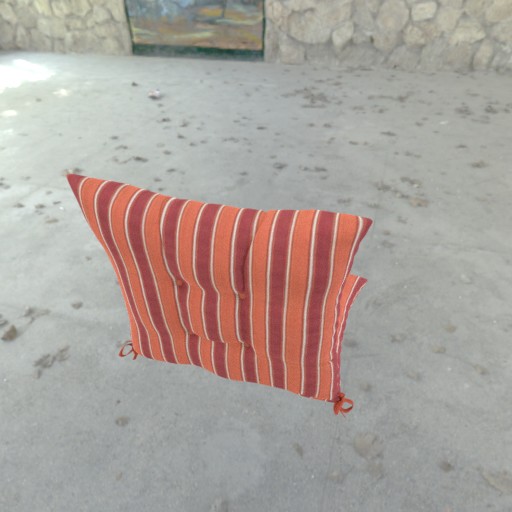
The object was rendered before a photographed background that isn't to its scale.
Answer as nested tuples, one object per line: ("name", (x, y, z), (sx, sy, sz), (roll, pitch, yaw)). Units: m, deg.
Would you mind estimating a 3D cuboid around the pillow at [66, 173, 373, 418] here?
("pillow", (0.000, 0.000, 1.014), (0.541, 0.536, 0.585), (10, 35, 15))
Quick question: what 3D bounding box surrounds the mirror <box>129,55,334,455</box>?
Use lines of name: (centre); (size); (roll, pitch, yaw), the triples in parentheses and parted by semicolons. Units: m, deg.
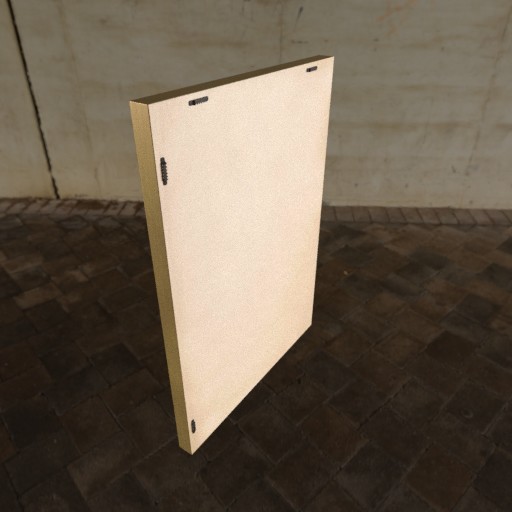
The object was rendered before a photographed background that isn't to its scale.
mirror: (0.000, 0.000, 0.921); (0.040, 0.710, 0.507); (21, 37, 29)
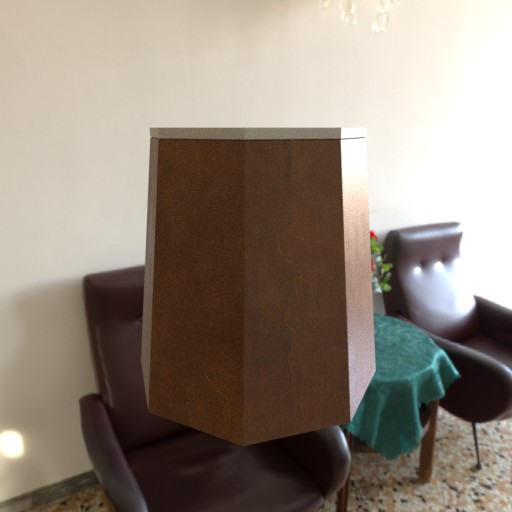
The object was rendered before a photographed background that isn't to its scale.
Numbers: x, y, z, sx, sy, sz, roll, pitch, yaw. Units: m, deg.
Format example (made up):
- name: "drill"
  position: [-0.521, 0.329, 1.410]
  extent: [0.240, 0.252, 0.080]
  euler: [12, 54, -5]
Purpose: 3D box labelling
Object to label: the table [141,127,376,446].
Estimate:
- name: "table"
  position: [0.000, 0.000, 0.821]
  extent: [0.439, 0.457, 0.439]
  euler: [8, 18, 24]

※ ※ ※

> **Exercise directions**: The result should be the full material above, word for word, with its pictures omitted.

> **Output for this exercise**:
The object was rendered before a photographed background that isn't to its scale.
Answer as nested tuples, one object per line: ("name", (x, y, z), (sx, sy, sz), (roll, pitch, yaw)). Units: m, deg.
Would you mind estimating a 3D cuboid around the pillow at [66, 173, 373, 418] here?
("pillow", (0.000, 0.000, 1.014), (0.541, 0.536, 0.585), (10, 35, 15))
Quick question: what 3D bounding box surrounds the mirror <box>129,55,334,455</box>?
Use lines of name: (centre); (size); (roll, pitch, yaw), the triples in parentheses and parted by semicolons. Units: m, deg.
The object was rendered before a photographed background that isn't to its scale.
mirror: (0.000, 0.000, 0.921); (0.040, 0.710, 0.507); (21, 37, 29)
The object was rendered before a photographed background that isn't to its scale.
Numbers: x, y, z, sx, sy, sz, roll, pitch, yaw. Units: m, deg.
Format example (made up):
- name: "drill"
  position: [-0.521, 0.329, 1.410]
  extent: [0.240, 0.252, 0.080]
  euler: [12, 54, -5]
Purpose: 3D box labelling
Object to label: the table [141,127,376,446].
Estimate:
- name: "table"
  position: [0.000, 0.000, 0.821]
  extent: [0.439, 0.457, 0.439]
  euler: [8, 18, 24]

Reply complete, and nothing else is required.